Work instructions → Return only those lines of the records below in which "Crash" appears.

Saved entries
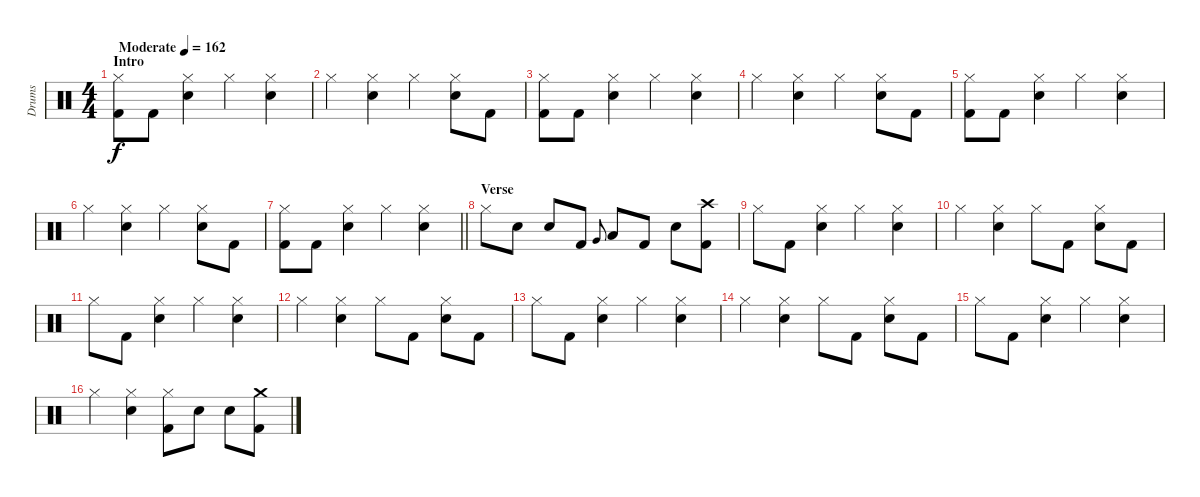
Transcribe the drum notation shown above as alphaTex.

\track ("Drums" "Drums") {instrument percussion}
\staff {score}
\articulation defaults
\ts (4 4)
\section ("" "Intro")
\tempo (162 "Moderate")
\clef neutral
\ks c
("Hi-Hat (closed)" "Kick (hit) 2").8{dy f} "Kick (hit) 2".8 ("Snare (hit) 2" "Hi-Hat (closed)").4 "Hi-Hat (closed)".4 ("Snare (hit) 2" "Hi-Hat (closed)").4 |
"Hi-Hat (closed)".4 ("Snare (hit) 2" "Hi-Hat (closed)").4 "Hi-Hat (closed)".4 ("Snare (hit) 2" "Hi-Hat (closed)").8 "Kick (hit) 2".8 |
("Hi-Hat (closed)" "Kick (hit) 2").8 "Kick (hit) 2".8 ("Snare (hit) 2" "Hi-Hat (closed)").4 "Hi-Hat (closed)".4 ("Snare (hit) 2" "Hi-Hat (closed)").4 |
"Hi-Hat (closed)".4 ("Snare (hit) 2" "Hi-Hat (closed)").4 "Hi-Hat (closed)".4 ("Snare (hit) 2" "Hi-Hat (closed)").8 "Kick (hit) 2".8 |
("Hi-Hat (closed)" "Kick (hit) 2").8 "Kick (hit) 2".8 ("Snare (hit) 2" "Hi-Hat (closed)").4 "Hi-Hat (closed)".4 ("Snare (hit) 2" "Hi-Hat (closed)").4 |
"Hi-Hat (closed)".4 ("Snare (hit) 2" "Hi-Hat (closed)").4 "Hi-Hat (closed)".4 ("Snare (hit) 2" "Hi-Hat (closed)").8 "Kick (hit) 2".8 |
\barLineRight lightlight
("Hi-Hat (closed)" "Kick (hit) 2").8 "Kick (hit) 2".8 ("Snare (hit) 2" "Hi-Hat (closed)").4 "Hi-Hat (closed)".4 ("Snare (hit) 2" "Hi-Hat (closed)").4 |
\section ("" "Verse")
"Hi-Hat (closed)".8 "Snare (hit) 2".8 "Snare (hit) 2".8 "Kick (hit) 2".8 "Very Low Tom (hit)".8{gr onbeat} "Low Tom (hit)".8 "Kick (hit) 2".8 "Snare (hit) 2".8 ("Crash high (hit)" "Kick (hit) 2").8 |
"Hi-Hat (closed)".8 "Kick (hit) 2".8 ("Snare (hit) 2" "Hi-Hat (closed)").4 "Hi-Hat (closed)".4 ("Snare (hit) 2" "Hi-Hat (closed)").4 |
"Hi-Hat (closed)".4 ("Snare (hit) 2" "Hi-Hat (closed)").4 "Hi-Hat (closed)".8 "Kick (hit) 2".8 ("Snare (hit) 2" "Hi-Hat (closed)").8 "Kick (hit) 2".8 |
"Hi-Hat (closed)".8 "Kick (hit) 2".8 ("Snare (hit) 2" "Hi-Hat (closed)").4 "Hi-Hat (closed)".4 ("Snare (hit) 2" "Hi-Hat (closed)").4 |
"Hi-Hat (closed)".4 ("Snare (hit) 2" "Hi-Hat (closed)").4 "Hi-Hat (closed)".8 "Kick (hit) 2".8 ("Snare (hit) 2" "Hi-Hat (closed)").8 "Kick (hit) 2".8 |
"Hi-Hat (closed)".8 "Kick (hit) 2".8 ("Snare (hit) 2" "Hi-Hat (closed)").4 "Hi-Hat (closed)".4 ("Snare (hit) 2" "Hi-Hat (closed)").4 |
"Hi-Hat (closed)".4 ("Snare (hit) 2" "Hi-Hat (closed)").4 "Hi-Hat (closed)".8 "Kick (hit) 2".8 ("Snare (hit) 2" "Hi-Hat (closed)").8 "Kick (hit) 2".8 |
"Hi-Hat (closed)".8 "Kick (hit) 2".8 ("Snare (hit) 2" "Hi-Hat (closed)").4 "Hi-Hat (closed)".4 ("Snare (hit) 2" "Hi-Hat (closed)").4 |
"Hi-Hat (closed)".4 ("Snare (hit) 2" "Hi-Hat (closed)").4 ("Hi-Hat (closed)" "Kick (hit) 2").8 "Snare (hit) 2".8 "Snare (hit) 2".8 ("Crash medium (hit)" "Kick (hit) 2").8

Answer for this exercise →
"Hi-Hat (closed)".8 "Snare (hit) 2".8 "Snare (hit) 2".8 "Kick (hit) 2".8 "Very Low Tom (hit)".8{gr onbeat} "Low Tom (hit)".8 "Kick (hit) 2".8 "Snare (hit) 2".8 ("Crash high (hit)" "Kick (hit) 2").8 |
"Hi-Hat (closed)".4 ("Snare (hit) 2" "Hi-Hat (closed)").4 ("Hi-Hat (closed)" "Kick (hit) 2").8 "Snare (hit) 2".8 "Snare (hit) 2".8 ("Crash medium (hit)" "Kick (hit) 2").8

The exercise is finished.